I want to know what happens to this juice and why people are choosing flavour over what could potentially be a major health hazard. Are any of the manufacturers bothering to send it away to be cultured in a lab to test for any nasties? At less than R1000 for a lab test it seems like it should be mandatory. I have a feeling these lines will totally vanish as soon as the regulations set in. 

I would love for vendors to chime in. Because I don't understand the practise very well. I would love to send some away for testing but at this time R1000 for a lab test seems a waste to me - since I don't vape the stuff anyway.


Any input will be greatly appreciated. I'm not bashing the vendors here. I'm raising a genuine concern that I have.

Reactions: Like 3 | Agree 4 | Winner 2


----------



## Mr. B (18/1/18)

Great thread with interesting questions!

Reactions: Like 1


----------



## Vape_N8th (18/1/18)

Following !

Reactions: Like 1


----------



## SmokeyJoe (18/1/18)

Excellent question @Spyro

Reactions: Like 1


----------



## Silver (18/1/18)

Thread moved to the "Who has stock" subforum so vendors can reply more freely and discuss their services

Good thread @Spyro 

PS - just a headsup, vendors are not allowed to discuss their products/services in the general threads, so lets move it here

Reactions: Thanks 1


----------



## RichJB (18/1/18)

Would there be any more bacteria in oak than there would be on, say, an average kitchen surface like a chopping board? I think that if the same hygiene standards that were demanded of juice were applied to food, none of us would be allowed to cook at home, we'd all have to install ISO certified kitchens first.

If juice was that hazardous, I feel that we would have had a lot of reports of illness by now, especially considering the number of people who DIY in less than sterile conditions.

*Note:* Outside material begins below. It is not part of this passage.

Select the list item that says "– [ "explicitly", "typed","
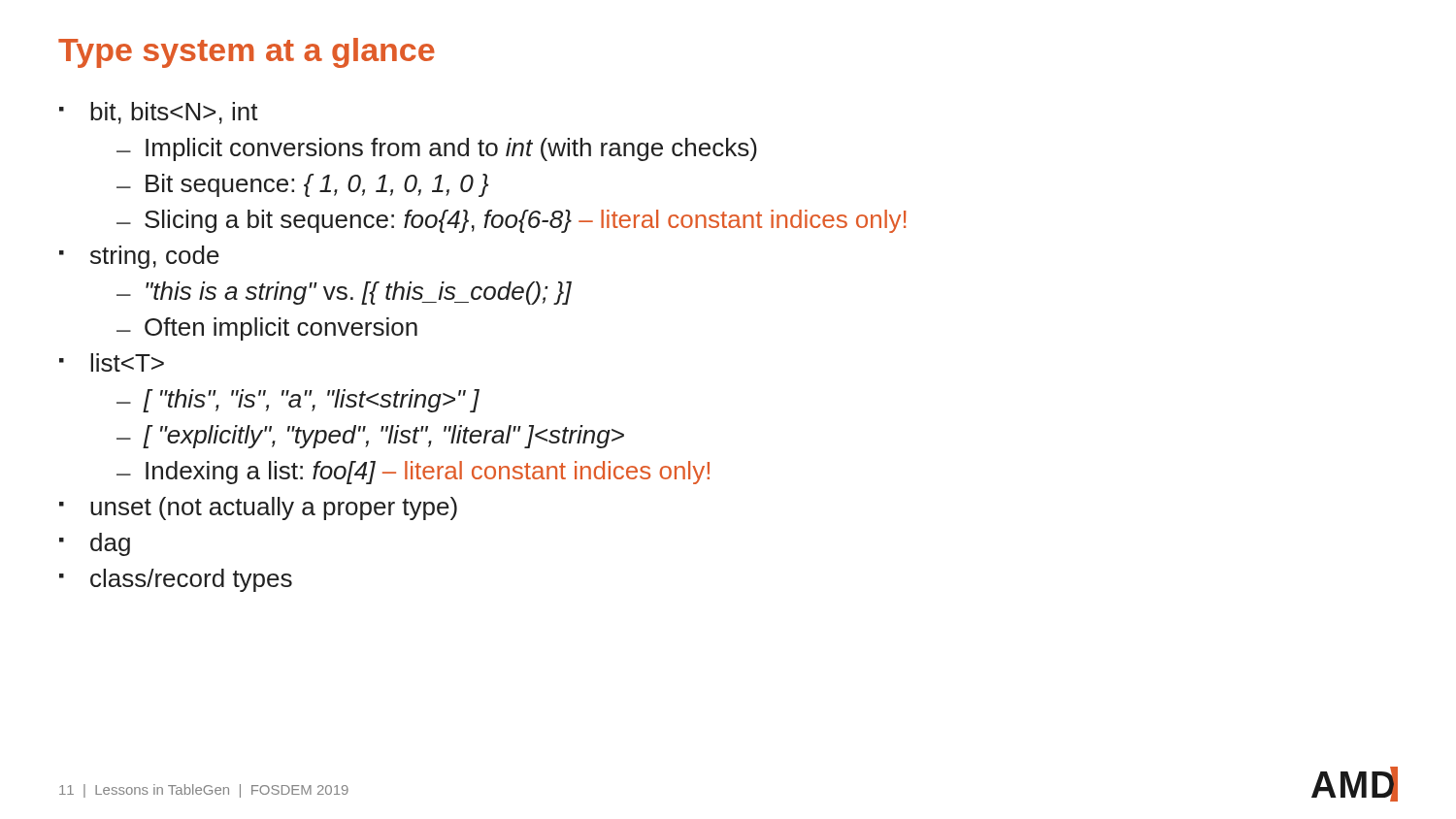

One doesn't want to get lax about juice hygiene but I feel the risk is overstated. Considering how keen the media are to jump on stories of battery explosions, I would think they'd be all over vapers getting ill from juice. Yet there's been nothing.

Reactions: Like 4 | Agree 3


----------



## BioHAZarD (18/1/18)

Very interesting thread

Reactions: Like 1


----------



## Adephi (18/1/18)

Not sure if the creators would discuss their secrets in an open forum. But I can try with my limited amount of knowledge.

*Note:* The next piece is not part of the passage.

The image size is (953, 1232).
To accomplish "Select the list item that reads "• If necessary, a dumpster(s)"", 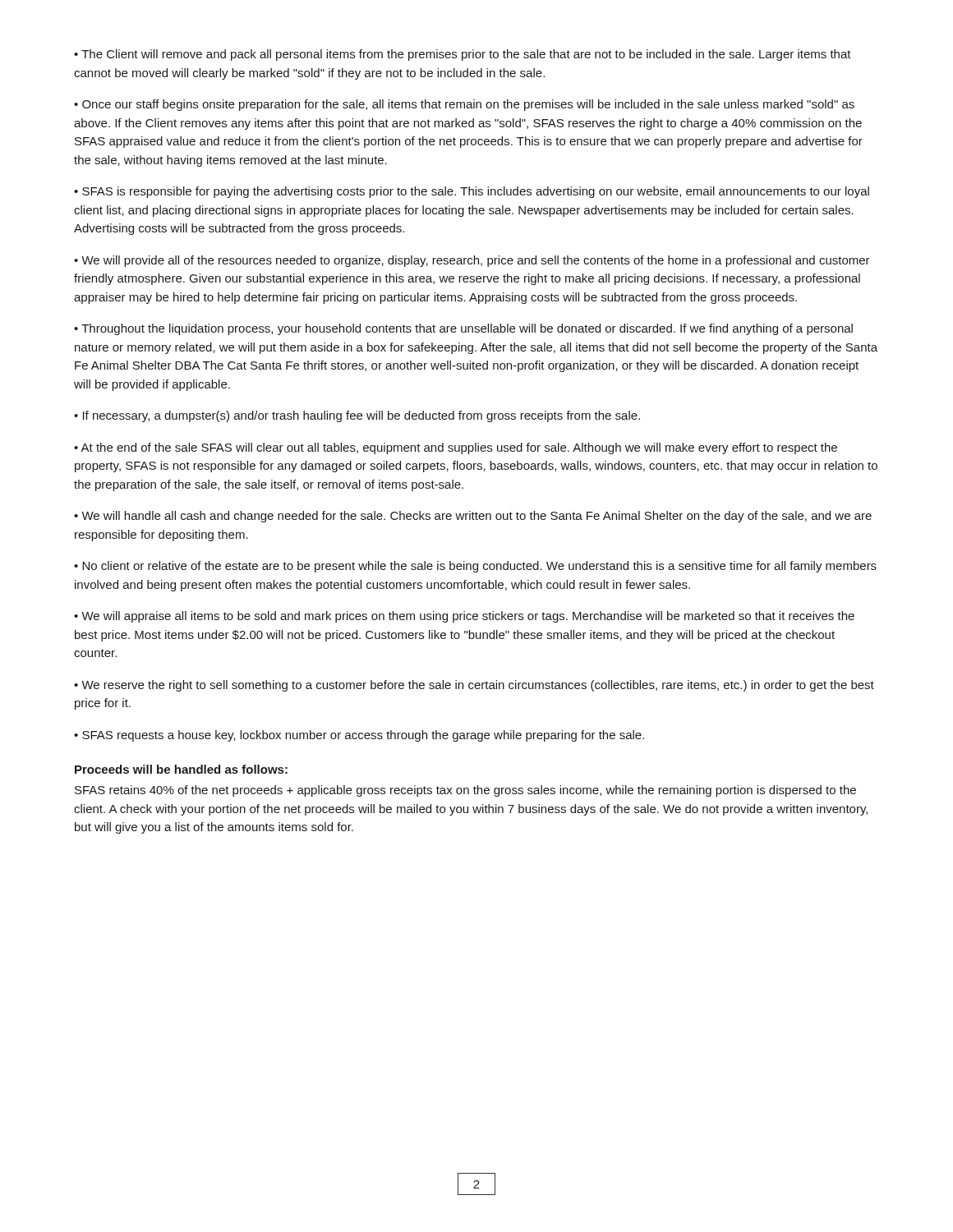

Oak barrels do get treated with hot water, sulphur and/or high sodium salts to kill any bacteria.if any bacteria is present they will end up making vinegar in stead of wine. The chance that any of these bacteria is pathogenic is extremely low.

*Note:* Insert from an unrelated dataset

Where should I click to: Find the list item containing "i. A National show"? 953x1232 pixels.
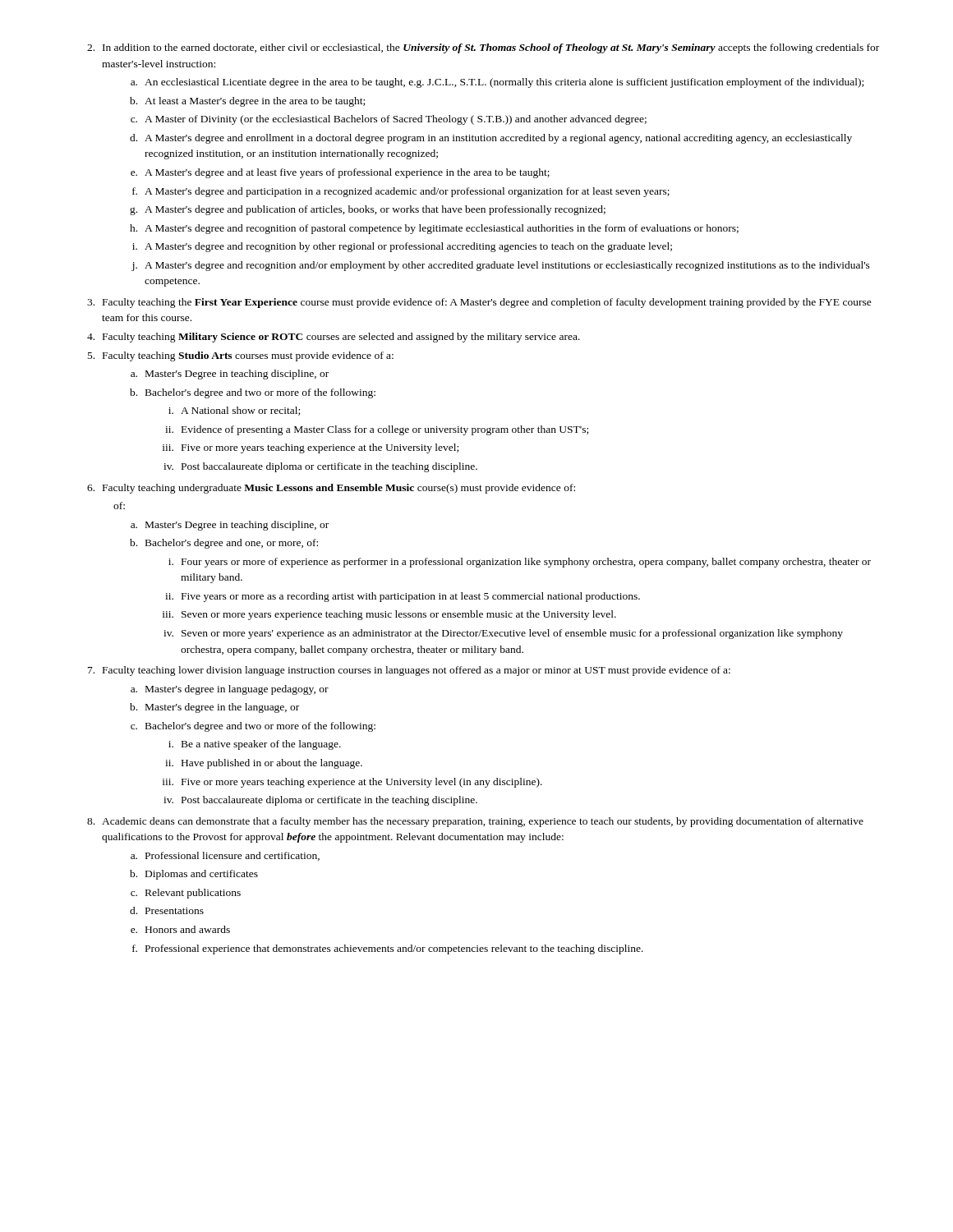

Also, the pg and vg is void of any nutrients for the bacteria to grow and multiply. So depending on the time the juice is in the barrel, the bacteria will just starve to death.

And coils do get to 200°C. Any disease causing bacteria cannot survive temperature over 100°C. Even if its for a short time.

So I would say these mixes are safe for consumption.

Reactions: Like 2 | Winner 2


----------



## Spyro (18/1/18)

RichJB said:


> Would there be any more bacteria in oak than there would be on, say, an average kitchen surface like a chopping board? I think that if the same hygiene standards that were demanded of juice were applied to food, none of us would be allowed to cook at home, we'd all have to install ISO certified kitchens first.
> 
> If juice was that hazardous, I feel that we would have had a lot of reports of illness by now, especially considering the number of people who DIY in less than sterile conditions. One doesn't want to get lax about juice hygiene but I feel the risk is overstated. Considering how keen the media are to jump on stories of battery explosions, I would think they'd be all over vapers getting ill from juice. Yet there's been nothing.



True that, but I don't inhale my food, I'm not American JKJK. thanks for the input! Really appreciate it.



Adephi said:


> Not sure if the creators would discuss their secrets in an open forum. But I can try with my limited amount of knowledge.
> 
> Oak barrels do get treated with hot water, sulphur and/or high sodium salts to kill any bacteria.if any bacteria is present they will end up making vinegar in stead of wine. The chance that any of these bacteria is pathogenic is extremely low.
> 
> ...



Thanks! Some lovely info here. I hear you with the burning of the juice, but you do bring in juice in ways that aren't just via vapour. Mouthful from a flooding tank for example. 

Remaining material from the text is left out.